* _THE DATA_
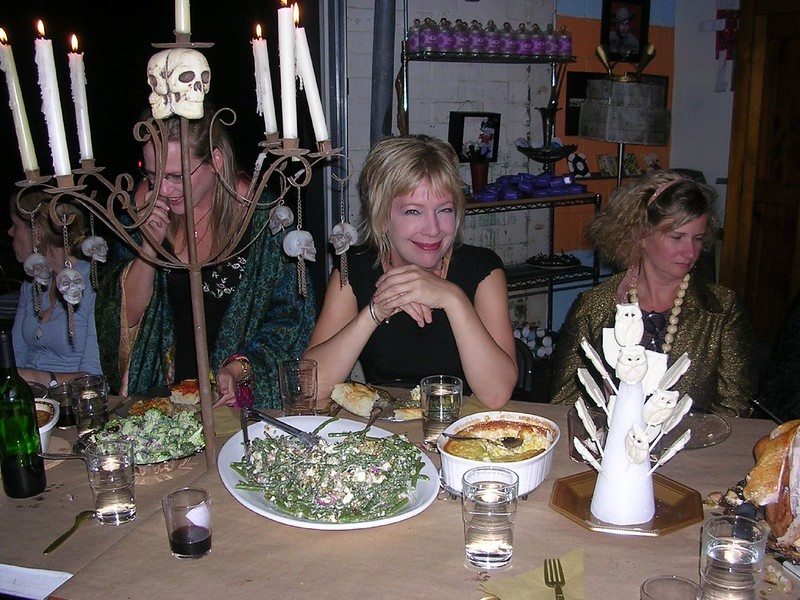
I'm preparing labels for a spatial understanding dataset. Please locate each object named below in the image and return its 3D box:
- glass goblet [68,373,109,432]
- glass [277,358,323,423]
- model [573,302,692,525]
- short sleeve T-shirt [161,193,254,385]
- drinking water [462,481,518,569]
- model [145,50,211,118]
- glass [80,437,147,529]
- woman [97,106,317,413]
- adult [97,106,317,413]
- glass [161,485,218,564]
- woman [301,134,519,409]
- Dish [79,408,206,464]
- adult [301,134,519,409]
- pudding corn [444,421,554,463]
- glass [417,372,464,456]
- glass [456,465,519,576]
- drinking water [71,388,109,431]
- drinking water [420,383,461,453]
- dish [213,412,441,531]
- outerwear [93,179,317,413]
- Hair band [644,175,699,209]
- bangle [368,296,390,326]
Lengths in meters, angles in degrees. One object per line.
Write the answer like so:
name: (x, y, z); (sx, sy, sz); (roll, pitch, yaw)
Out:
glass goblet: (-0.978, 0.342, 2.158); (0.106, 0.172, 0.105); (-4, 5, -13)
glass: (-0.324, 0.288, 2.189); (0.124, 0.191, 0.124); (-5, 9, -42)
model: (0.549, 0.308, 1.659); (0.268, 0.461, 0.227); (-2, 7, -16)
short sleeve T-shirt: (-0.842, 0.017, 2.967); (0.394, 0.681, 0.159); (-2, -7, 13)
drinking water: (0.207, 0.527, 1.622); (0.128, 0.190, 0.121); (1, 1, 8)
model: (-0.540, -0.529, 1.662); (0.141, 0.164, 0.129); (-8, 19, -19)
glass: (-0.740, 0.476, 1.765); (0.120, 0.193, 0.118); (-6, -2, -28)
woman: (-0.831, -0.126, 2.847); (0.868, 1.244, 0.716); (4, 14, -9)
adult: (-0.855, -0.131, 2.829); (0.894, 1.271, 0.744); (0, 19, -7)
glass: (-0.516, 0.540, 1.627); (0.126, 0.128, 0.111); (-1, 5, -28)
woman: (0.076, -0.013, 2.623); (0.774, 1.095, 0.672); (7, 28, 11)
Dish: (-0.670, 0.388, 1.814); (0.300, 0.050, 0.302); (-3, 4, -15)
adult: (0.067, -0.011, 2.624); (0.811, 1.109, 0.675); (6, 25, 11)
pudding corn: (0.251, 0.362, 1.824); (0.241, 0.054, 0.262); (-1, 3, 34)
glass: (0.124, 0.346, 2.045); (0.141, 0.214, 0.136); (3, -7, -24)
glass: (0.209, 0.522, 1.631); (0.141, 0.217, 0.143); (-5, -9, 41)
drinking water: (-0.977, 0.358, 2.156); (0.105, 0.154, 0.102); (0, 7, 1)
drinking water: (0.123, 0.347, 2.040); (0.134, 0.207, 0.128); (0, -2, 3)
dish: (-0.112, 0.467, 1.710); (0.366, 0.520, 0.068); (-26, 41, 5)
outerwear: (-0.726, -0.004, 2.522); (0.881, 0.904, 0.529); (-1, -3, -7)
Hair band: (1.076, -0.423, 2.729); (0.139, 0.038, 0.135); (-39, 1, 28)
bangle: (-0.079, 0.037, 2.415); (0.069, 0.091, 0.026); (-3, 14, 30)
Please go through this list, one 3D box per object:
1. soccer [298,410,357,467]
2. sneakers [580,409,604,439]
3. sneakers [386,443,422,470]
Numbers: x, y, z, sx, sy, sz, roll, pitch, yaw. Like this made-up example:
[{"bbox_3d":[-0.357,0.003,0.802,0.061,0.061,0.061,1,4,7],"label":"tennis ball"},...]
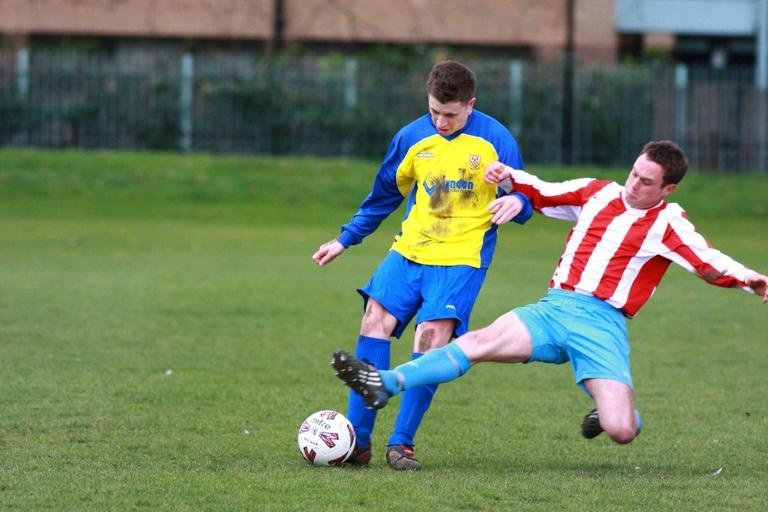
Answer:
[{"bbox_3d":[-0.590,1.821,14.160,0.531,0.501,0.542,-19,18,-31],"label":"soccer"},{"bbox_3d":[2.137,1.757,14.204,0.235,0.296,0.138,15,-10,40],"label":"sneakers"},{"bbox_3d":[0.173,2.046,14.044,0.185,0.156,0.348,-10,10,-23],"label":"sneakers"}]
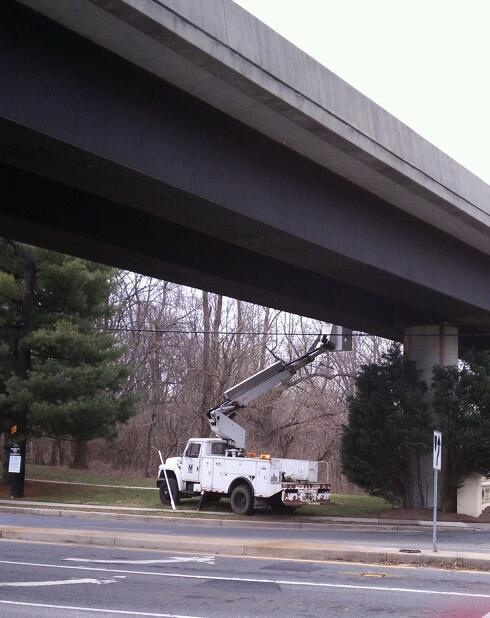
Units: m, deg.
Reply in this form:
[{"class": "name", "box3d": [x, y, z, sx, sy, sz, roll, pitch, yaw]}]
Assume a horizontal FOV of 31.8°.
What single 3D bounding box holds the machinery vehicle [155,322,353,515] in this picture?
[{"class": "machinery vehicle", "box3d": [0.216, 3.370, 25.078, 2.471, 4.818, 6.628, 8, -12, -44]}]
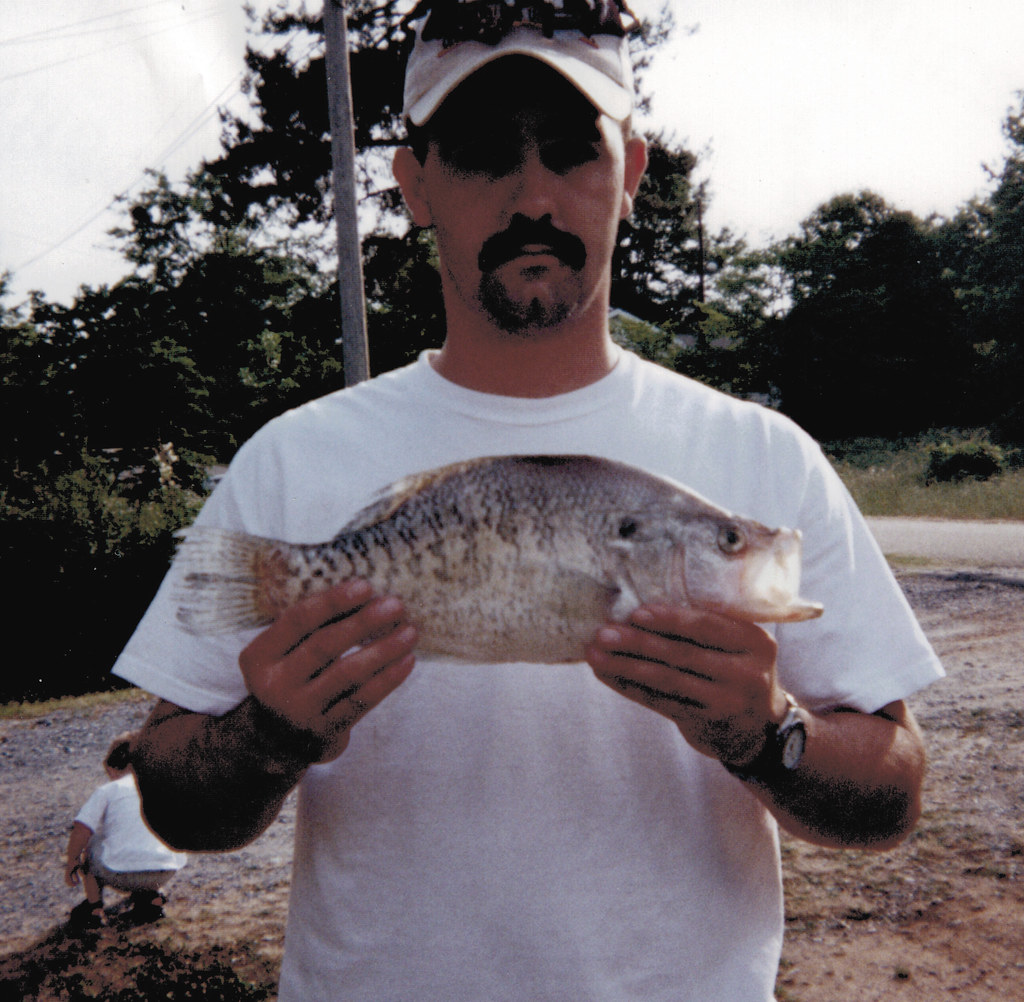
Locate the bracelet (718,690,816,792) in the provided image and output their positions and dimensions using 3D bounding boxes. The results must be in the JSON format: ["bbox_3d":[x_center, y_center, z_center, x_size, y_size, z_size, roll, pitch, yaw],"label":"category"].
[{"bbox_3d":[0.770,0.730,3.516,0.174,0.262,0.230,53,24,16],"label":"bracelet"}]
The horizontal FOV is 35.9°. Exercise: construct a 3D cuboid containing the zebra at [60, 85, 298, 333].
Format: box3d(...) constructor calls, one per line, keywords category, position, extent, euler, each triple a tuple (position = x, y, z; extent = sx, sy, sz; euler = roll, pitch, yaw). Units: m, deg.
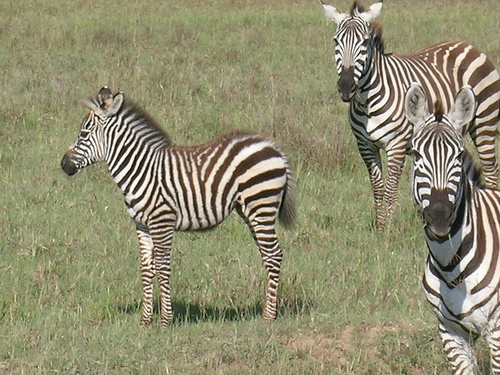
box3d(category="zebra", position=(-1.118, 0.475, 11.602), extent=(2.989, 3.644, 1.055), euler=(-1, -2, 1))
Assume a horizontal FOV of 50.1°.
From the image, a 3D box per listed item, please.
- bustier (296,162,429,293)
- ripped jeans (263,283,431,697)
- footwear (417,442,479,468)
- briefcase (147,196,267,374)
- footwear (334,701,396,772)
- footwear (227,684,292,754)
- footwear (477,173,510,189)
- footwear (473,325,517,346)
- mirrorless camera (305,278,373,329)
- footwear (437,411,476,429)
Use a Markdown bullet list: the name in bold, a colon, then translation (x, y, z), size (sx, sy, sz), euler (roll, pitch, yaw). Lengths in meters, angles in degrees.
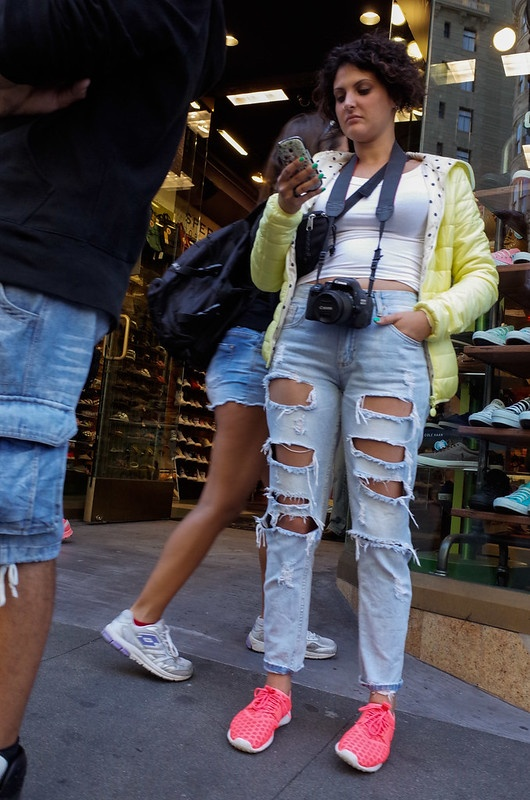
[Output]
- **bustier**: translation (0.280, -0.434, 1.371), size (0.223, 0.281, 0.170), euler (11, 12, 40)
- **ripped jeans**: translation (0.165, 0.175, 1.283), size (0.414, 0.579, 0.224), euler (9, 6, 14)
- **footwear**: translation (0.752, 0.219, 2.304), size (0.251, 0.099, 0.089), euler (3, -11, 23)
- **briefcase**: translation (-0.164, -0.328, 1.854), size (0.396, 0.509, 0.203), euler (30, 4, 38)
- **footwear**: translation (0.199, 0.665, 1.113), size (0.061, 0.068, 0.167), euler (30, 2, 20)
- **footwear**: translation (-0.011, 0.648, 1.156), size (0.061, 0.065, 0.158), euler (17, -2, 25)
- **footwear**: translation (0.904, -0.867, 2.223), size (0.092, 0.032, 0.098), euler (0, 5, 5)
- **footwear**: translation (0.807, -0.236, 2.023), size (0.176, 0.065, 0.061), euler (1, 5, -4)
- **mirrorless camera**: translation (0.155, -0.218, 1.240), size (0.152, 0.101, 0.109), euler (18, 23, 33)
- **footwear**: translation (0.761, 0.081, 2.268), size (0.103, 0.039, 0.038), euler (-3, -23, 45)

* _WHAT IS NEEDED_
An exact copy is needed of only the lines from the top of the material through the line with "Write the answer"; no pictures belong in it.

* _TASK SOLUTION_
I'm preparing labels for a spatial understanding dataset. Please locate each object named below in the image and return its 3D box:
- glass goblet [68,373,109,432]
- glass [277,358,323,423]
- model [573,302,692,525]
- short sleeve T-shirt [161,193,254,385]
- drinking water [462,481,518,569]
- model [145,50,211,118]
- glass [80,437,147,529]
- woman [97,106,317,413]
- adult [97,106,317,413]
- glass [161,485,218,564]
- woman [301,134,519,409]
- Dish [79,408,206,464]
- adult [301,134,519,409]
- pudding corn [444,421,554,463]
- glass [417,372,464,456]
- glass [456,465,519,576]
- drinking water [71,388,109,431]
- drinking water [420,383,461,453]
- dish [213,412,441,531]
- outerwear [93,179,317,413]
- Hair band [644,175,699,209]
- bangle [368,296,390,326]
Lengths in meters, angles in degrees. One object per line.
Write the answer like so:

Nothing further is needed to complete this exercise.